- [About this exercise]
All lines from the one that contains "materials: paper" through the final line of the entries must be repeated exactly. No other lines belong in the output.

Collected data entries
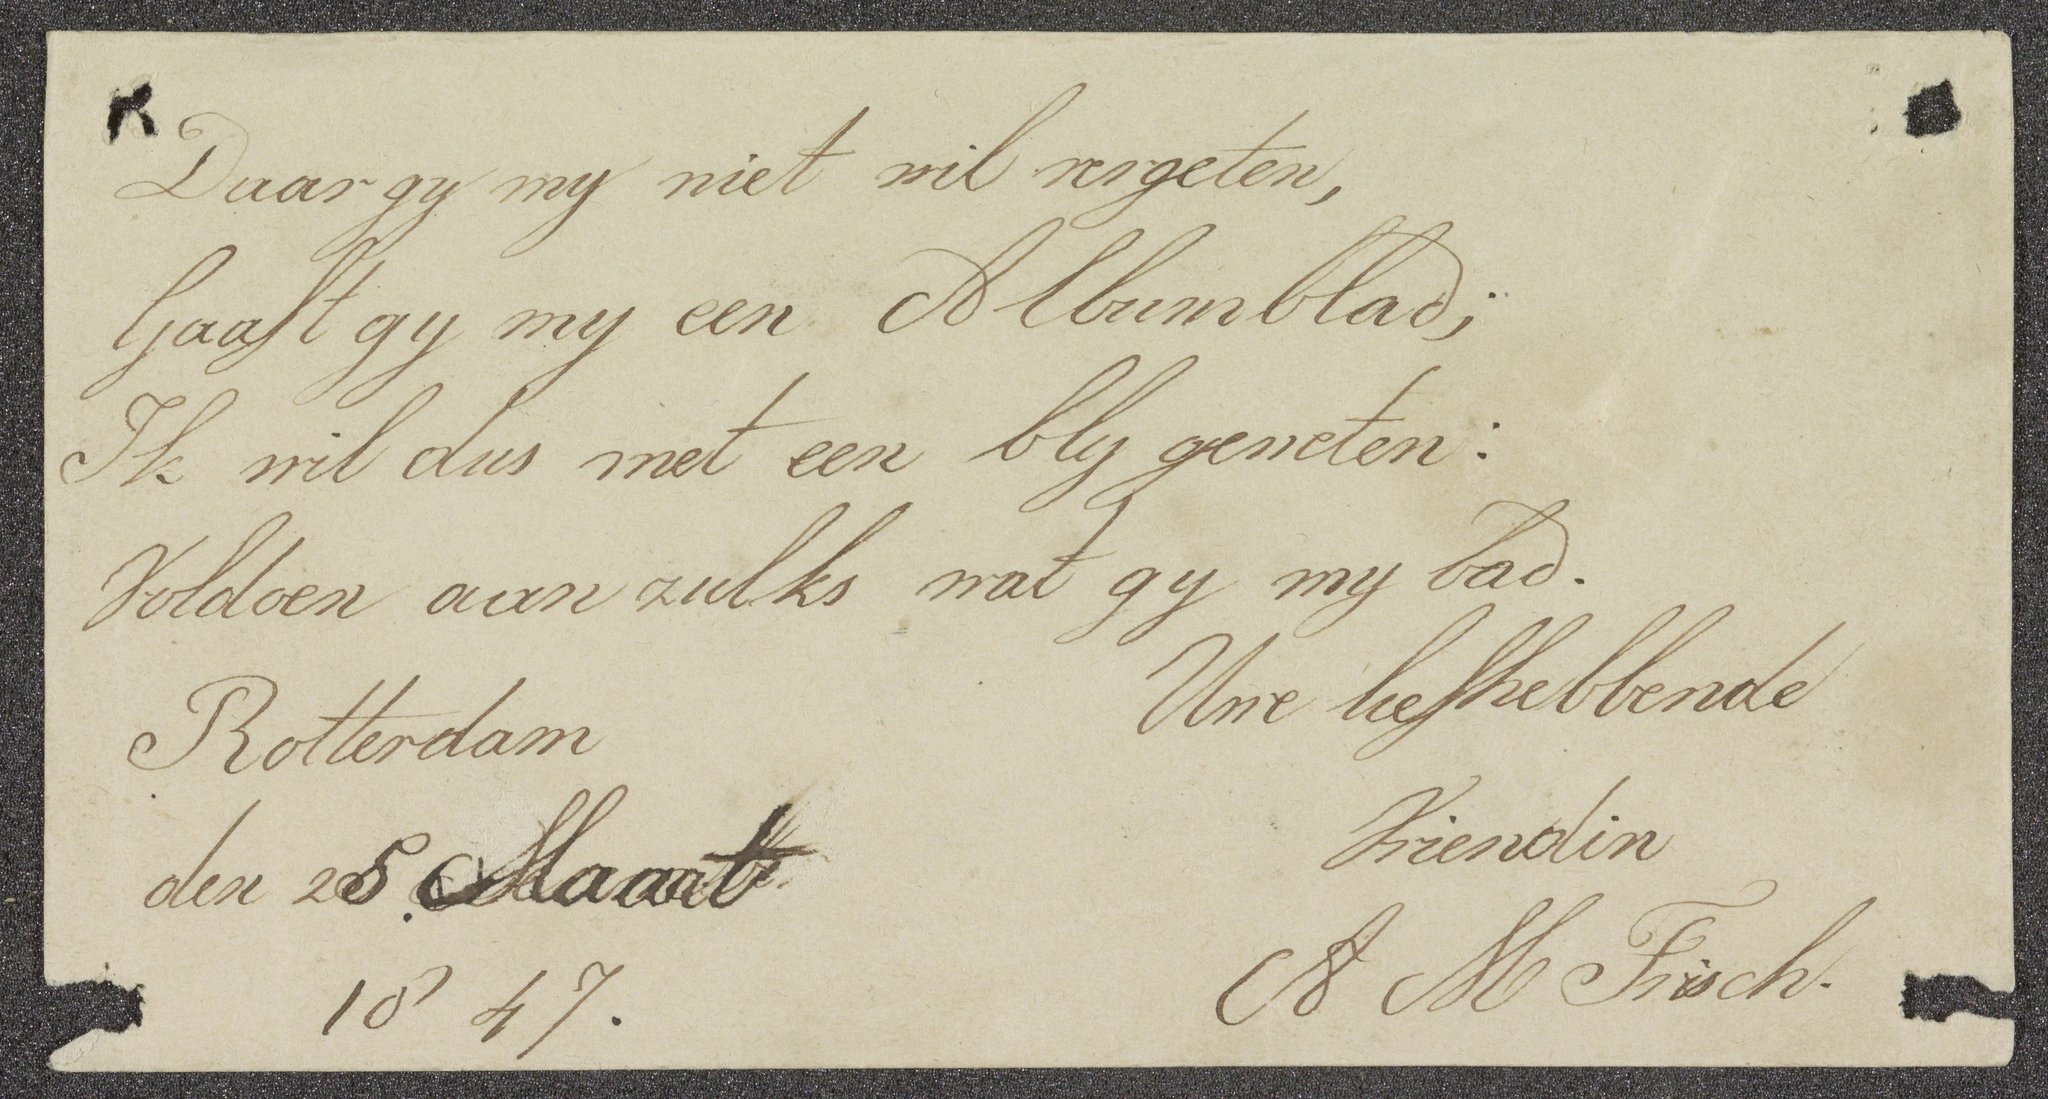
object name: album leaf
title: Geschreven tekst
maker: a.m. frisch
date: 1847
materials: paper
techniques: writing
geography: rotterdam
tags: 'album amicorum', 'stammbuch'
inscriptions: inscription: ‘Daar gy my niet wil vergeten/ Gaaft gy my een albumblad/ Ik wil dus met een bly geweten/ Voldoen aan zulks war gy my bad. // Rotterdam den 25. Maart 1847/ Uw liefhebbende Vriendin A.M. Frisch’
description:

- [Response to the exercise]
materials: paper
techniques: writing
geography: rotterdam
tags: 'album amicorum', 'stammbuch'
inscriptions: inscription: ‘Daar gy my niet wil vergeten/ Gaaft gy my een albumblad/ Ik wil dus met een bly geweten/ Voldoen aan zulks war gy my bad. // Rotterdam den 25. Maart 1847/ Uw liefhebbende Vriendin A.M. Frisch’
description:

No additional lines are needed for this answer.